> [Problem details] Would you output the lines from the one containing "Convert chart to" through the final line of the entries, exactly and with pictures omitted?

Items listed in a dataset:
"""
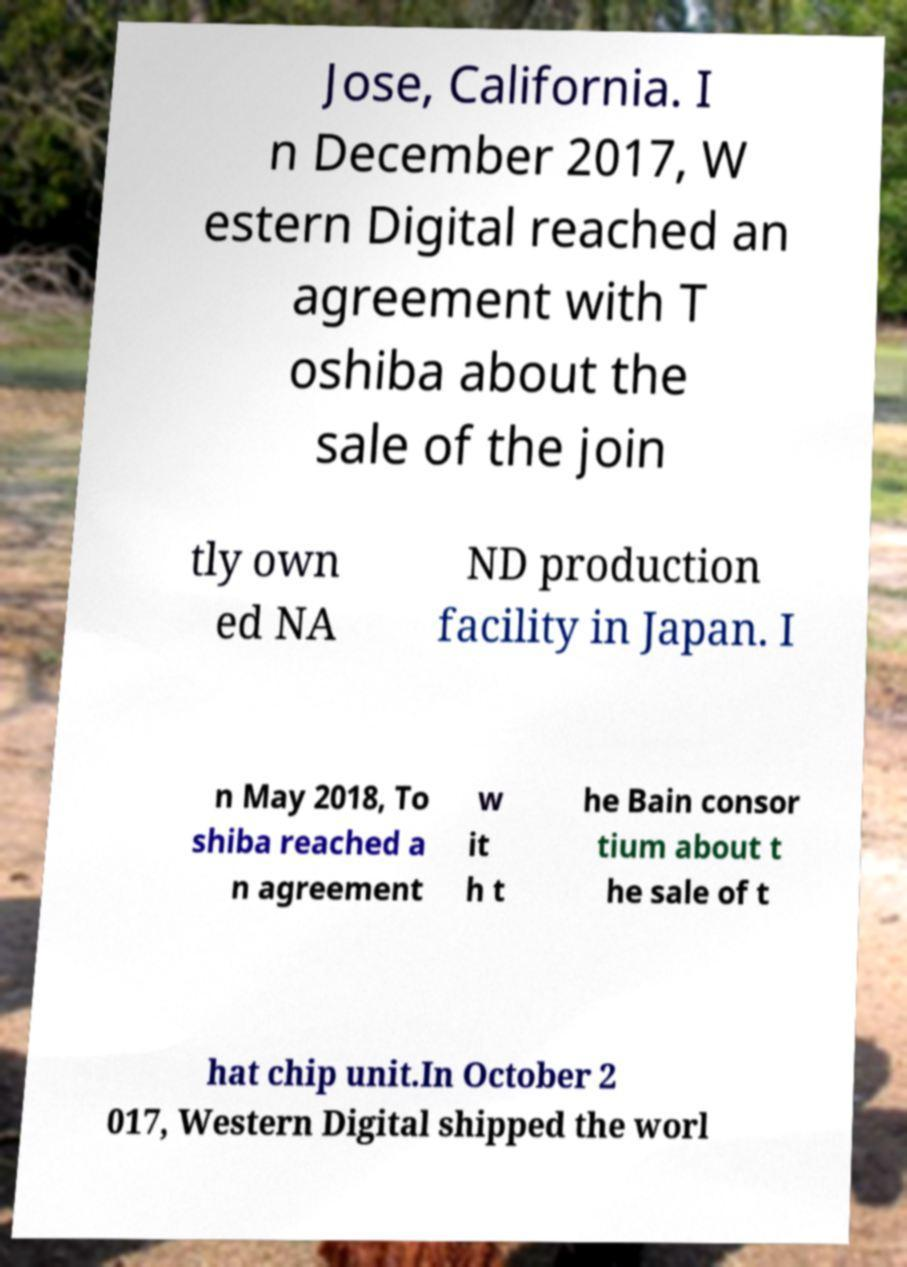Can you read and provide the text displayed in the image?This photo seems to have some interesting text. Can you extract and type it out for me? Jose, California. I n December 2017, W estern Digital reached an agreement with T oshiba about the sale of the join tly own ed NA ND production facility in Japan. I n May 2018, To shiba reached a n agreement w it h t he Bain consor tium about t he sale of t hat chip unit.In October 2 017, Western Digital shipped the worl 
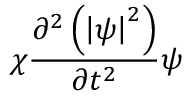Convert formula to latex. <formula><loc_0><loc_0><loc_500><loc_500>\chi \frac { \partial ^ { 2 } \left ( \left | \psi \right | ^ { 2 } \right ) } { \partial t ^ { 2 } } \psi</formula> 
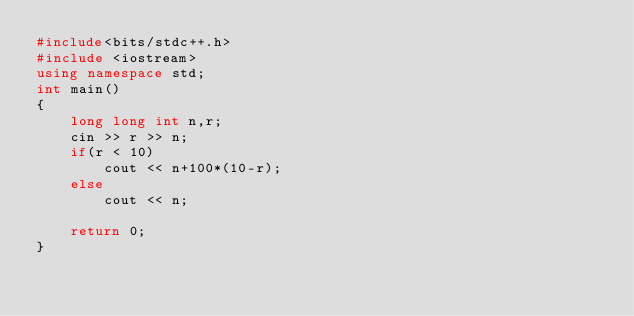Convert code to text. <code><loc_0><loc_0><loc_500><loc_500><_C++_>#include<bits/stdc++.h>
#include <iostream>
using namespace std;
int main()
{
    long long int n,r;
    cin >> r >> n;
    if(r < 10)
        cout << n+100*(10-r);
    else
        cout << n; 

    return 0;
}
</code> 
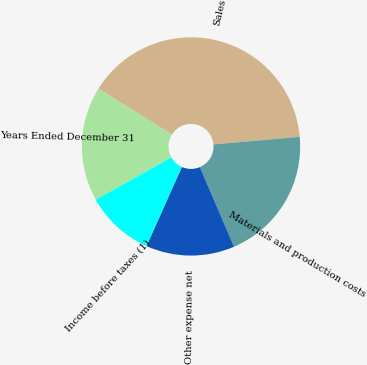Convert chart to OTSL. <chart><loc_0><loc_0><loc_500><loc_500><pie_chart><fcel>Years Ended December 31<fcel>Sales<fcel>Materials and production costs<fcel>Other expense net<fcel>Income before taxes (1)<nl><fcel>17.01%<fcel>39.69%<fcel>19.96%<fcel>13.14%<fcel>10.19%<nl></chart> 
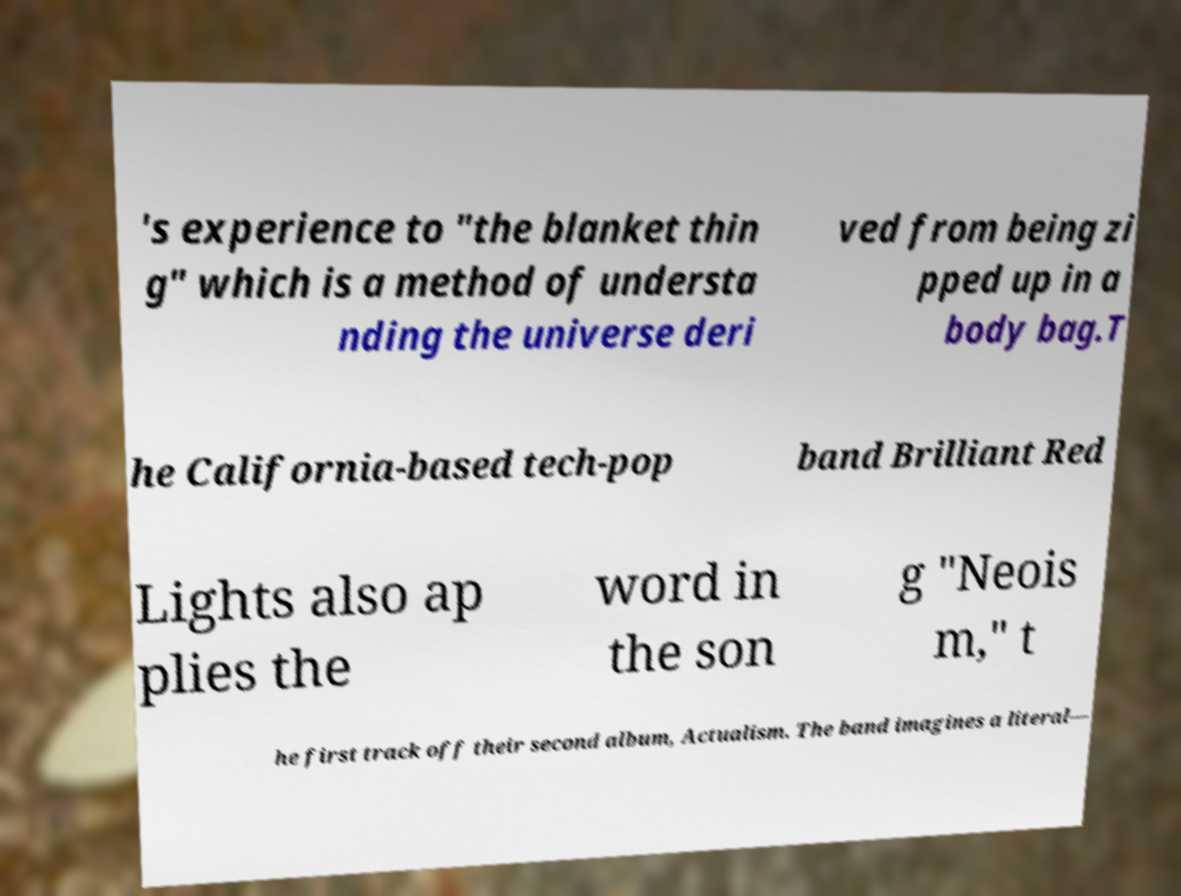Could you extract and type out the text from this image? 's experience to "the blanket thin g" which is a method of understa nding the universe deri ved from being zi pped up in a body bag.T he California-based tech-pop band Brilliant Red Lights also ap plies the word in the son g "Neois m," t he first track off their second album, Actualism. The band imagines a literal—
"""
> [Solution]
Convert chart to OTSL. <chart><loc_0><loc_0><loc_500><loc_500><pie_chart><fcel>Years Ended December 31<fcel>Sales<fcel>Materials and production costs<fcel>Other expense net<fcel>Income before taxes (1)<nl><fcel>17.01%<fcel>39.69%<fcel>19.96%<fcel>13.14%<fcel>10.19%<nl></chart> 
Could you extract and type out the text from this image? 's experience to "the blanket thin g" which is a method of understa nding the universe deri ved from being zi pped up in a body bag.T he California-based tech-pop band Brilliant Red Lights also ap plies the word in the son g "Neois m," t he first track off their second album, Actualism. The band imagines a literal—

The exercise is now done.